RECORDS SUPPLIED |
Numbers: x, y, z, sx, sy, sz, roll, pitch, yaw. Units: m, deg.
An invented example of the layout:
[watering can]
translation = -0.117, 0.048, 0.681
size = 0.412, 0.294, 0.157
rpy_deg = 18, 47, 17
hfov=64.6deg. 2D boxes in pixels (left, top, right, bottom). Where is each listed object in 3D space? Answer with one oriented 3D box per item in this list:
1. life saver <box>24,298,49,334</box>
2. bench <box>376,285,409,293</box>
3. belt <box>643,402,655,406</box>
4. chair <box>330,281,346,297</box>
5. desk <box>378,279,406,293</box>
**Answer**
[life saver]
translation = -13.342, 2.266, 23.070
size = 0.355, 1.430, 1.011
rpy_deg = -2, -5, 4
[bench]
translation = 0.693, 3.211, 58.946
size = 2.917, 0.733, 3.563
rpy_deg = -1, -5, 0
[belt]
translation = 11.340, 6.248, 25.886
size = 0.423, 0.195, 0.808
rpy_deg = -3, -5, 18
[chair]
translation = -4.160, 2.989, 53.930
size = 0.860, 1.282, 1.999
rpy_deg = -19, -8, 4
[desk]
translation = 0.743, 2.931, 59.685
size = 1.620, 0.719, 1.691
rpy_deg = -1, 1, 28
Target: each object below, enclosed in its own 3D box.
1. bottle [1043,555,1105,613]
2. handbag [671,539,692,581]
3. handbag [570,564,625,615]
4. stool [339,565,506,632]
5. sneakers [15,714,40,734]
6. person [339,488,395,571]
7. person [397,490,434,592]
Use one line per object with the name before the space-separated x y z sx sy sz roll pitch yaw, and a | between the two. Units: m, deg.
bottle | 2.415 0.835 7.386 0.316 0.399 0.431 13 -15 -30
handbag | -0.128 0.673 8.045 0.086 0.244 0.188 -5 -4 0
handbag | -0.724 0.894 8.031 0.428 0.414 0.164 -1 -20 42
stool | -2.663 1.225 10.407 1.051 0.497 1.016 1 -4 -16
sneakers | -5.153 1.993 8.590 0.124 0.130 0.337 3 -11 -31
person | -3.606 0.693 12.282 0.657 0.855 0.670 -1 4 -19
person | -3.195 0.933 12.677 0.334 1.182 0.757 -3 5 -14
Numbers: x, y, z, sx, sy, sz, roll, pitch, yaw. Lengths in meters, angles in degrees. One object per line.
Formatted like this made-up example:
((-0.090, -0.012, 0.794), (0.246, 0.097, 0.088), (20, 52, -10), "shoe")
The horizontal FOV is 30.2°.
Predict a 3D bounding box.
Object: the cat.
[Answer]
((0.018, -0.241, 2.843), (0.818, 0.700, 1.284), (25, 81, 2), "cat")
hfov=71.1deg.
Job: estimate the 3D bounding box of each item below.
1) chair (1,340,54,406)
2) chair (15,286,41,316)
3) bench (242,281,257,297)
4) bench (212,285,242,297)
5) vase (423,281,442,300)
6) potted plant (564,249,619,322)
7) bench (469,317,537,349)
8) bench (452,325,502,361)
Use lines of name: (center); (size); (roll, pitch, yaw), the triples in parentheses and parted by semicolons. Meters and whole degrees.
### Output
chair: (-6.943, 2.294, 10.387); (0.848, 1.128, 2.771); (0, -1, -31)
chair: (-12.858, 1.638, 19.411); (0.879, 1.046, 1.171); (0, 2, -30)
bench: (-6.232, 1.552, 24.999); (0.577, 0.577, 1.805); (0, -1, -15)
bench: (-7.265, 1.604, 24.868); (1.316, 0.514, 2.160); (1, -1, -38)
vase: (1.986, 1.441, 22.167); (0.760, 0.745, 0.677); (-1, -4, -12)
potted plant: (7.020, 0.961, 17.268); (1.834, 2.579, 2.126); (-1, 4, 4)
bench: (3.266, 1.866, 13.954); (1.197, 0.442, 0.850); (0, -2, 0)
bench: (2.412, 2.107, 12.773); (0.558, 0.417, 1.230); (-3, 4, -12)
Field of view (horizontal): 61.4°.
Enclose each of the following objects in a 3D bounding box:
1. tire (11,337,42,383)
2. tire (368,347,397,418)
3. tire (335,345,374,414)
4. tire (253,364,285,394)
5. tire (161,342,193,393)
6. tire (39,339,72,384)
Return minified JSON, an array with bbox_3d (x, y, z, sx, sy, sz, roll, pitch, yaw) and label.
...
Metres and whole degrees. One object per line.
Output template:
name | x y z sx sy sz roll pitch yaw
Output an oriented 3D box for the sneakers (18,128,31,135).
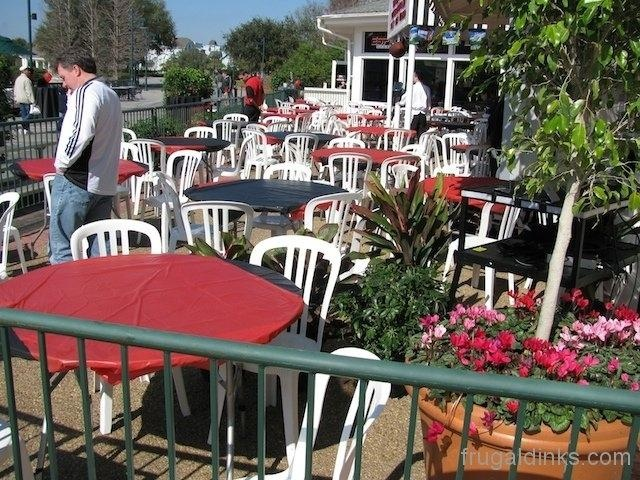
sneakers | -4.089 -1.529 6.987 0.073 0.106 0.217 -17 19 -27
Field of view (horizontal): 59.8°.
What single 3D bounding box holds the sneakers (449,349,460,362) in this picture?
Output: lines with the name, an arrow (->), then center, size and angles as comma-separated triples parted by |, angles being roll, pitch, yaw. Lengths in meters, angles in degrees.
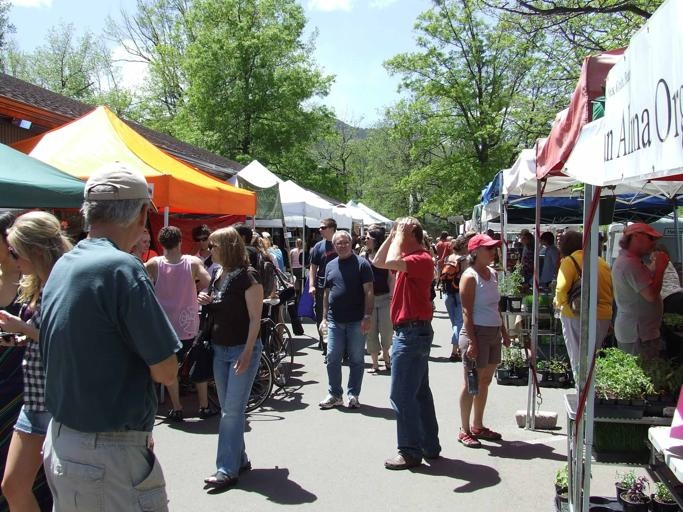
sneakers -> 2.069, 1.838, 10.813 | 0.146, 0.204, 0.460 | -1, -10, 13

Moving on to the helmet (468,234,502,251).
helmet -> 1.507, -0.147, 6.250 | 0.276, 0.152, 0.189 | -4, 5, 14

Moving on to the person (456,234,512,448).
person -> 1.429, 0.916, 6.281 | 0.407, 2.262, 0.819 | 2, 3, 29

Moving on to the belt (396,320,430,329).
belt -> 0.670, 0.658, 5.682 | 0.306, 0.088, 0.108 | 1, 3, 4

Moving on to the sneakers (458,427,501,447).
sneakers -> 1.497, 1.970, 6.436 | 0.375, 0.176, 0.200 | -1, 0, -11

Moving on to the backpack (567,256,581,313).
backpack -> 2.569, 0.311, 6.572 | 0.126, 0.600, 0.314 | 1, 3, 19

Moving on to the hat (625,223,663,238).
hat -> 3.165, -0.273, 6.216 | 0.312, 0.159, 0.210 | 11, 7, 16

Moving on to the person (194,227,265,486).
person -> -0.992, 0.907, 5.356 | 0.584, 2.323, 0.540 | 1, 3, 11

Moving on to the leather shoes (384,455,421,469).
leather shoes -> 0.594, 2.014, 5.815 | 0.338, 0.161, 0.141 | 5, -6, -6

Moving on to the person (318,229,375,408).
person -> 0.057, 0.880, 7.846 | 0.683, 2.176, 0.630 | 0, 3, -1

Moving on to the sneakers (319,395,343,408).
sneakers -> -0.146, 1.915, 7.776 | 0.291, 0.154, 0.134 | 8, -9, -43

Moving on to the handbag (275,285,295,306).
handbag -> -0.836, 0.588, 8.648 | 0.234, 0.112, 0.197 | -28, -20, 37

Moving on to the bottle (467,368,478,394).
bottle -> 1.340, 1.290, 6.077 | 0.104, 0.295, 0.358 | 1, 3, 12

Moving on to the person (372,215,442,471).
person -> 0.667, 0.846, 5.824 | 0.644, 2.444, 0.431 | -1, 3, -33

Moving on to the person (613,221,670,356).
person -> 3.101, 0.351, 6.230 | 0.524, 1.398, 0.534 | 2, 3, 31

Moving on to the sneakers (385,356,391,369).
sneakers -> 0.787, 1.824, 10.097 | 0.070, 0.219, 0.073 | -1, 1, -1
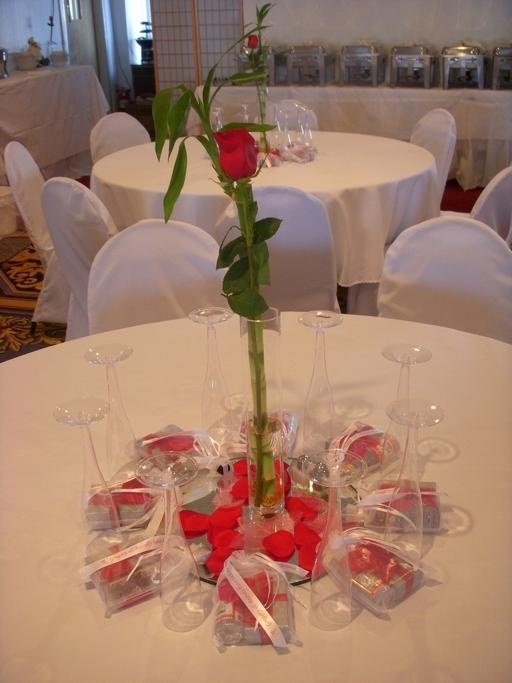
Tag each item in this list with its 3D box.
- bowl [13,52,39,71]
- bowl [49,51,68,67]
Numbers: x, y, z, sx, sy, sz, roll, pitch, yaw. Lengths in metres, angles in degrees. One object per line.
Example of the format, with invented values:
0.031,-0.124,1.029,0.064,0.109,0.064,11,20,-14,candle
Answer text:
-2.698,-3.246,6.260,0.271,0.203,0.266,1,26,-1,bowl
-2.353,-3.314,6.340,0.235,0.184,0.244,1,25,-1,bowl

WHAT IS REQUIRED | Both the line containing "3. tire (335,345,374,414)" and the line containing "Return minified JSON, an" belong in the answer. Print them and every line above that falls between them exactly, and no others.

THE ANSWER |
3. tire (335,345,374,414)
4. tire (253,364,285,394)
5. tire (161,342,193,393)
6. tire (39,339,72,384)
Return minified JSON, an array with bbox_3d (x, y, z, sx, sy, sz, roll, pitch, yaw) and label.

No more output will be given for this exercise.